Carrots and communism: the allotments plotting a food revolution – The Guardian

One cold grey February morning, back in 2001, we turned the key and opened the creaking gate on to a world that could not have been further from the built-up street just strides away. As far as the eye could see, scattered sheds teetered on the edge of a tidal wave of dense bramble. Halfway down the hill, just as the path disappeared into this surge, were plots 20 to 24: our new allotments. Whatever else, this was going to be groundbreaking stuff.

Driven by the vision that more food can and should be grown in London, we set up OrganicLea on a derelict allotment in Chingford, east London. The Lea Valley, which for centuries used the river to transport food down the Thames, from Saxon settlers growing celery in the sixth century to Italians growing cucumbers in glasshouses in the 1950s, was a good place to start.

Over the next year or two we cleared the brambles, made a compost heap, built raised beds, and planted a forest garden with apple trees, worcesterberries and blackcurrant bushes. We created a number of features, including a pond, a willow dome and a compost toilet, built into a honeysuckle bush. All our vegetable planting was done using organic and permaculture principles, working with nature, not against it, to grow food in a sustainable way. We then started to run rudimentary gardening courses from the potting shed, and sell our seasonal produce.

For the past nine years we have managed the 12-acre site as a community market garden. We grow more than eight tonnes of fruit and veg a year, feeding 330 households through our veg box scheme, as well as sending produce to market stalls and eateries across London. We work with the local council to deliver accredited horticulture courses and helped it develop a food policy, which aims to ensure that locally grown, healthy and sustainable food is affordable and accessible to all.

We also run a volunteering programme that welcomes participants from all walks of life to take part, from seed sowing to veg box packing. And we support young people and residents groups to develop their own food growing spaces all over east London.
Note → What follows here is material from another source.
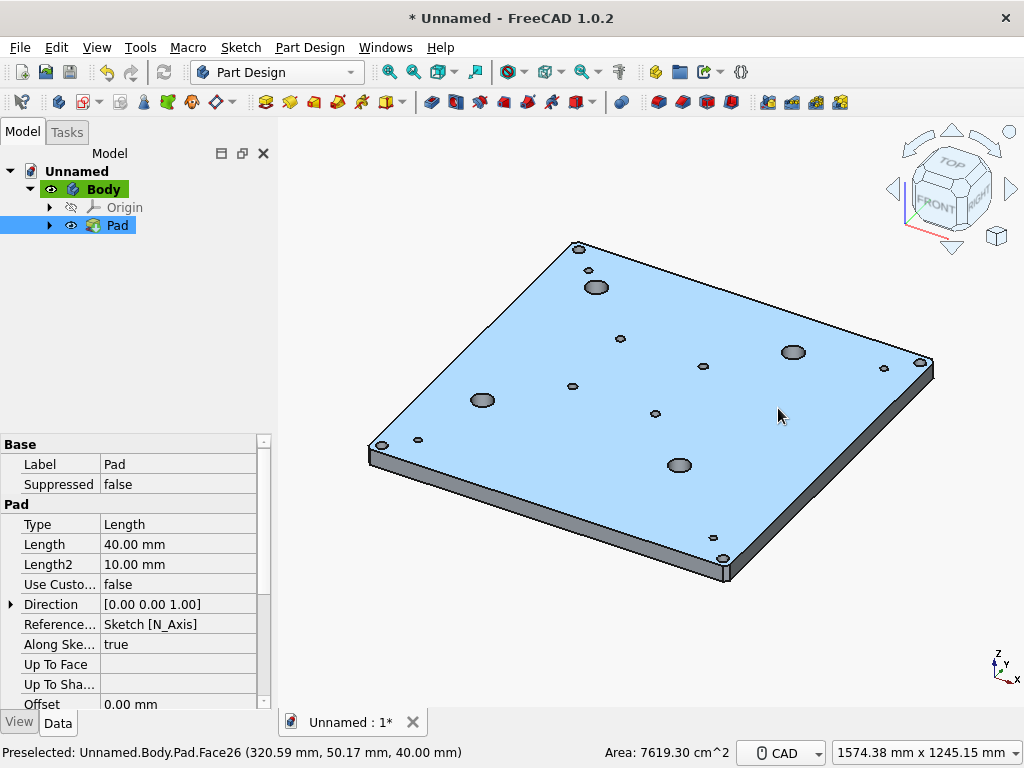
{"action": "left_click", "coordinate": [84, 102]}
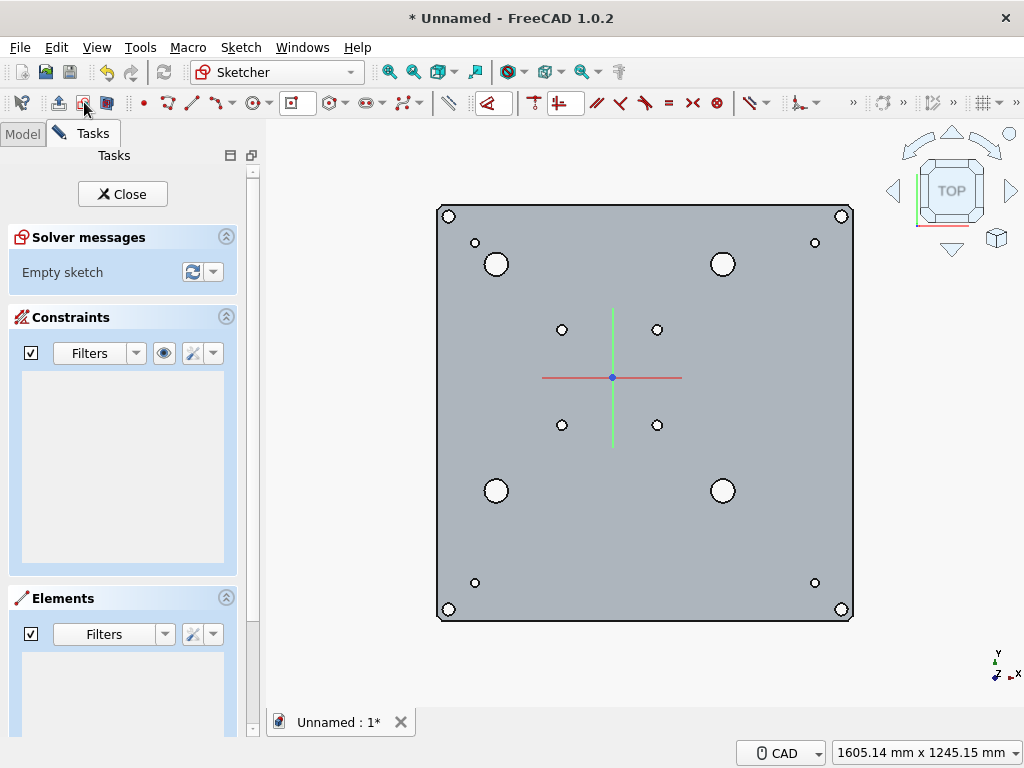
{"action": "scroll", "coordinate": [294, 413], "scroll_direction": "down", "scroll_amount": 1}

We do all this as a workers co-operative, employing 15 members. Where normal allotments are rented by individuals, were a community food project, and as a workers co-operative we manage the operation ourselves, without any need for bosses or shareholders.

The community food movement is flowering in the UK and we are proud founder members of Londons community food growers network and the land workers alliance, organisations that are drawing people back to the land and using the land as a way to contribute to local politics.

Allotment gardens have always been more than mere domestic food growing units. From their very beginning in the Victorian period, when land was given to the labouring poor for growing food, theyve provided a space for recreation and an alternative to industrial capitalism.

Allotments offer a way for individuals and the community to come together. They are special places. In 1908, the Small Holdings and Allotments Act placed a duty on local authorities to provide allotments according to demand, and by the end of the first world war land was made available to everyone, primarily as a way of assisting returning service men. By 1925, local authorities were banned from selling or converting allotments without ministerial consent.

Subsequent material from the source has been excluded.